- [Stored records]
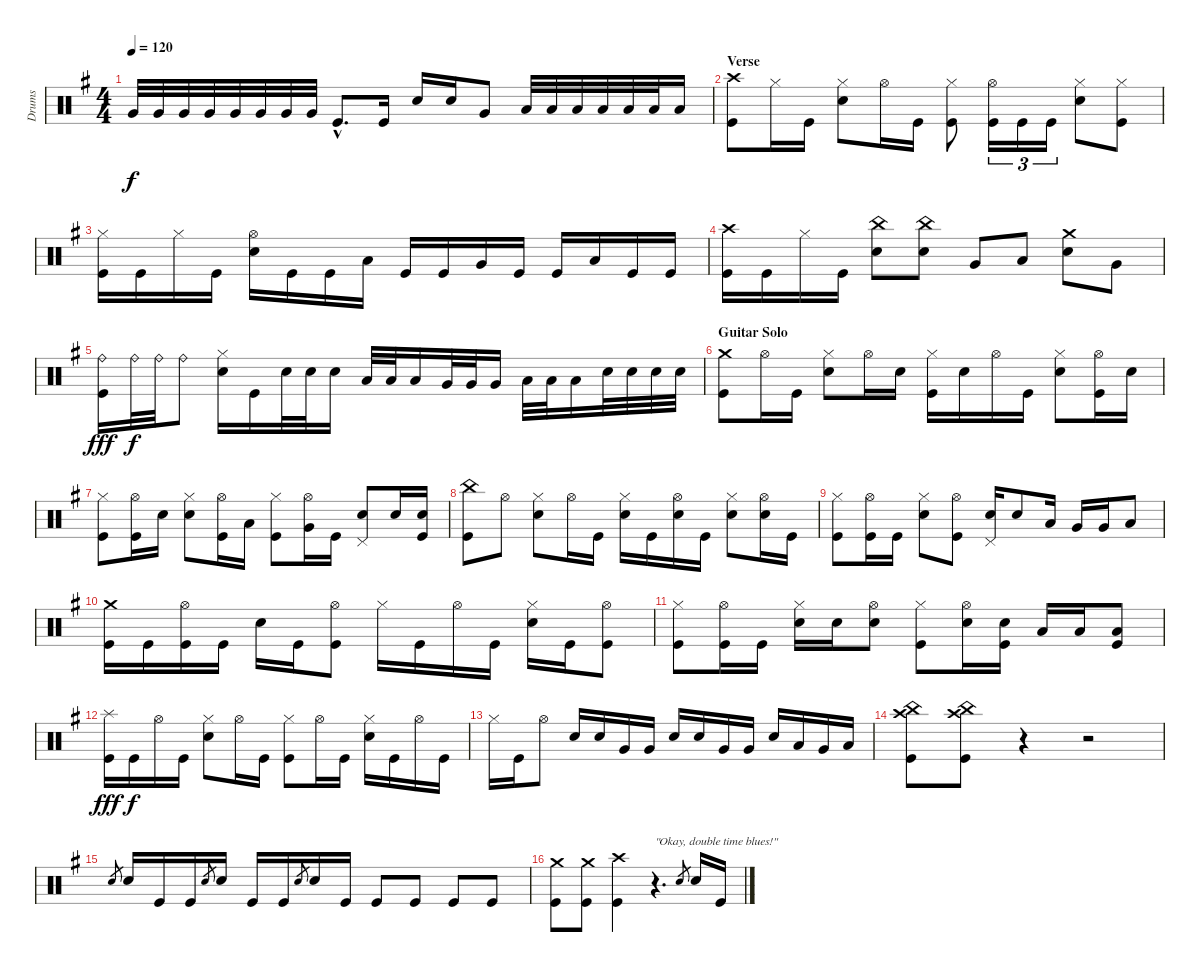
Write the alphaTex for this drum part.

\track ("Drums" "Drums") {instrument percussion}
\staff {score}
\articulation defaults
\ts (4 4)
\tempo 120
\clef neutral
\ks eminor "Very Low Tom (hit)".32{dy f} "Very Low Tom (hit)".32 "Very Low Tom (hit)".32 "Very Low Tom (hit)".32 "Very Low Tom (hit)".32 "Very Low Tom (hit)".32 "Very Low Tom (hit)".32 "Very Low Tom (hit)".32 "Kick (hit)"{hac}.8{d} "Kick (hit)".16 "Snare (hit) 2".16 "Snare (hit) 2".16 "Very Low Tom (hit)".8 "Low Floor Tom (hit)".32 "Low Floor Tom (hit)".32 "Low Floor Tom (hit)".32 "Low Floor Tom (hit)".32 "Low Floor Tom (hit)".32 "Low Floor Tom (hit)".32 "Low Floor Tom (hit)".16
|
\section ("" "Verse")
("Crash high (hit)" "Kick (hit)").8 "Hi-Hat (closed)".16 "Kick (hit)".16 ("Hi-Hat (closed)" "Snare (hit) 2").8 "Hi-Hat (open)".16 "Kick (hit)".16 ("Hi-Hat (closed)" "Kick (hit)").8 ("Hi-Hat (open)" "Kick (hit)").16{tu (3 2)} "Kick (hit)".16{tu (3 2)} "Kick (hit)".16{tu (3 2)} ("Hi-Hat (closed)" "Snare (hit) 2").8 ("Hi-Hat (closed)" "Kick (hit)").8 |
("Hi-Hat (closed)" "Kick (hit)").16 "Kick (hit)".16 "Hi-Hat (closed)".16 "Kick (hit)".16 ("Hi-Hat (open)" "Snare (hit) 2").16 "Kick (hit)".16 "Kick (hit)".16 "Low Tom (hit)".16 "Kick (hit)".16 "Kick (hit)".16 "Very Low Tom (hit)".16 "Kick (hit)".16 "Kick (hit)".16 "Low Floor Tom (hit)".16 "Kick (hit)".16 "Kick (hit)".16 |
("Crash high (hit)" "Kick (hit)").16 "Kick (hit)".16 "Hi-Hat (closed)".16 "Kick (hit)".16 ("China (hit)" "Snare (hit) 2").8 ("China (hit)" "Snare (hit) 2").8 "Very Low Tom (hit)".8 "Low Floor Tom (hit)".8 ("Crash medium (hit)" "Snare (hit) 2").8 "Very Low Tom (hit)".8 |
("Ride (bell)" "Kick (hit)").16{dy fff} "Ride (bell)".32{dy f} "Ride (bell)".32 "Ride (bell)".8 ("Hi-Hat (closed)" "Snare (hit) 2").16 "Kick (hit)".16 "Snare (hit) 2".32 "Snare (hit) 2".32 "Snare (hit) 2".16 "Low Tom (hit)".32 "Low Tom (hit)".32 "Low Tom (hit)".16 "Very Low Tom (hit)".32 "Very Low Tom (hit)".32 "Very Low Tom (hit)".16 "Low Floor Tom (hit)".32 "Low Floor Tom (hit)".32 "Low Floor Tom (hit)".16 "Snare (hit) 2".32 "Snare (hit) 2".32 "Snare (hit) 2".32 "Snare (hit) 2".32 |
\section ("" "Guitar Solo")
("Crash medium (hit)" "Kick (hit)").8 "Hi-Hat (open)".16 "Kick (hit)".16 ("Hi-Hat (closed)" "Snare (hit) 2").8 "Hi-Hat (open)".16 "Snare (hit) 2".16 ("Hi-Hat (closed)" "Kick (hit)").16 "Snare (hit) 2".16 "Hi-Hat (open)".16 "Kick (hit)".16 ("Hi-Hat (closed)" "Snare (hit) 2").8 ("Hi-Hat (open)" "Kick (hit)").16 "Snare (hit) 2".16 |
("Hi-Hat (closed)" "Kick (hit)").8 ("Hi-Hat (open)" "Kick (hit)").16 "Snare (hit) 2".16 ("Hi-Hat (closed)" "Snare (hit) 2").8 ("Hi-Hat (open)" "Kick (hit)").16 "Low Tom (hit)".16 ("Hi-Hat (closed)" "Kick (hit)").8 ("Hi-Hat (open)" "Very Low Tom (hit)").16 "Kick (hit)".16 ("Snare (hit) 2" "Pedal Hi-Hat (hit)").8 "Snare (hit) 2".16 ("Snare (hit) 2" "Kick (hit)").16 |
("China (hit)" "Kick (hit)").8 "Hi-Hat (open)".8 ("Hi-Hat (closed)" "Snare (hit) 2").8 "Hi-Hat (open)".16 "Kick (hit)".16 ("Hi-Hat (closed)" "Snare (hit) 2").16 "Kick (hit)".16 ("Hi-Hat (open)" "Snare (hit) 2").16 "Kick (hit)".16 ("Hi-Hat (closed)" "Snare (hit) 2").8 ("Hi-Hat (open)" "Snare (hit) 2").16 "Kick (hit)".16 |
("Hi-Hat (closed)" "Kick (hit)").8 ("Hi-Hat (open)" "Kick (hit)").16 "Kick (hit)".16 ("Hi-Hat (closed)" "Snare (hit) 2").8 ("Hi-Hat (open)" "Kick (hit)").8 ("Snare (hit) 2" "Pedal Hi-Hat (hit)").16 "Snare (hit) 2".8 "Low Tom (hit)".16 "Very Low Tom (hit)".16 "Very Low Tom (hit)".16 "Low Floor Tom (hit)".8 |
("Crash medium (hit)" "Kick (hit)").16 "Kick (hit)".16 ("Hi-Hat (open)" "Kick (hit)").16 "Kick (hit)".16 "Snare (hit) 2".16 "Kick (hit)".16 ("Hi-Hat (open)" "Kick (hit)").8 "Hi-Hat (closed)".16 "Kick (hit)".16 "Hi-Hat (open)".16 "Kick (hit)".16 ("Hi-Hat (closed)" "Snare (hit) 2").16 "Kick (hit)".16 ("Hi-Hat (open)" "Kick (hit)").8 |
("Hi-Hat (closed)" "Kick (hit)").8 ("Hi-Hat (open)" "Kick (hit)").16 "Kick (hit)".16 ("Hi-Hat (closed)" "Snare (hit) 2").16 "Snare (hit) 2".16 ("Hi-Hat (open)" "Snare (hit) 2").8 ("Hi-Hat (closed)" "Kick (hit)").8 ("Hi-Hat (open)" "Snare (hit) 2").16 ("Snare (hit) 2" "Kick (hit)").16 "Low Tom (hit)".16 "Low Tom (hit)".16 ("Low Floor Tom (hit)" "Kick (hit)").8 |
("Splash (hit)" "Kick (hit)").16{dy fff} "Kick (hit)".16{dy f} "Hi-Hat (open)".16 "Kick (hit)".16 ("Hi-Hat (closed)" "Snare (hit) 2").8 "Hi-Hat (open)".16 "Kick (hit)".16 ("Hi-Hat (closed)" "Kick (hit)").8 "Hi-Hat (open)".16 "Kick (hit)".16 ("Hi-Hat (closed)" "Snare (hit) 2").16 "Kick (hit)".16 "Hi-Hat (open)".16 "Kick (hit)".16 |
"Hi-Hat (closed)".16 "Kick (hit)".16 "Hi-Hat (open)".8 "Snare (hit) 2".16 "Snare (hit) 2".16 "Very Low Tom (hit)".16 "Very Low Tom (hit)".16 "Snare (hit) 2".16 "Snare (hit) 2".16 "Very Low Tom (hit)".16 "Very Low Tom (hit)".16 "Snare (hit) 2".16 "Low Tom (hit)".16 "Very Low Tom (hit)".16 "Low Floor Tom (hit)".16 |
("Crash high (hit)" "China (hit)" "Kick (hit)").8 ("Crash high (hit)" "China (hit)" "Kick (hit)").8 r.4 r.2 |
"Snare (hit) 2".8{gr} "Snare (hit) 2".16 "Kick (hit)".16 "Kick (hit)".16 "Snare (hit) 2".8{gr} "Snare (hit) 2".16 "Kick (hit)".16 "Kick (hit)".16 "Snare (hit) 2".8{gr} "Snare (hit) 2".16 "Kick (hit)".16 "Kick (hit)".8 "Kick (hit)".8 "Kick (hit)".8 "Kick (hit)".8 |
("Crash medium (hit)" "Kick (hit)").8 ("Crash medium (hit)" "Kick (hit)").8 ("Crash high (hit)" "Kick (hit)").4 r.4{d txt "\"Okay, double time blues!\""} "Snare (hit) 2".8{gr} "Snare (hit) 2".16 "Kick (hit)".16

- [Problem]
What is the number of lines above that contain the word "medium"? Answer with that number only.

- [Answer to this exercise]
4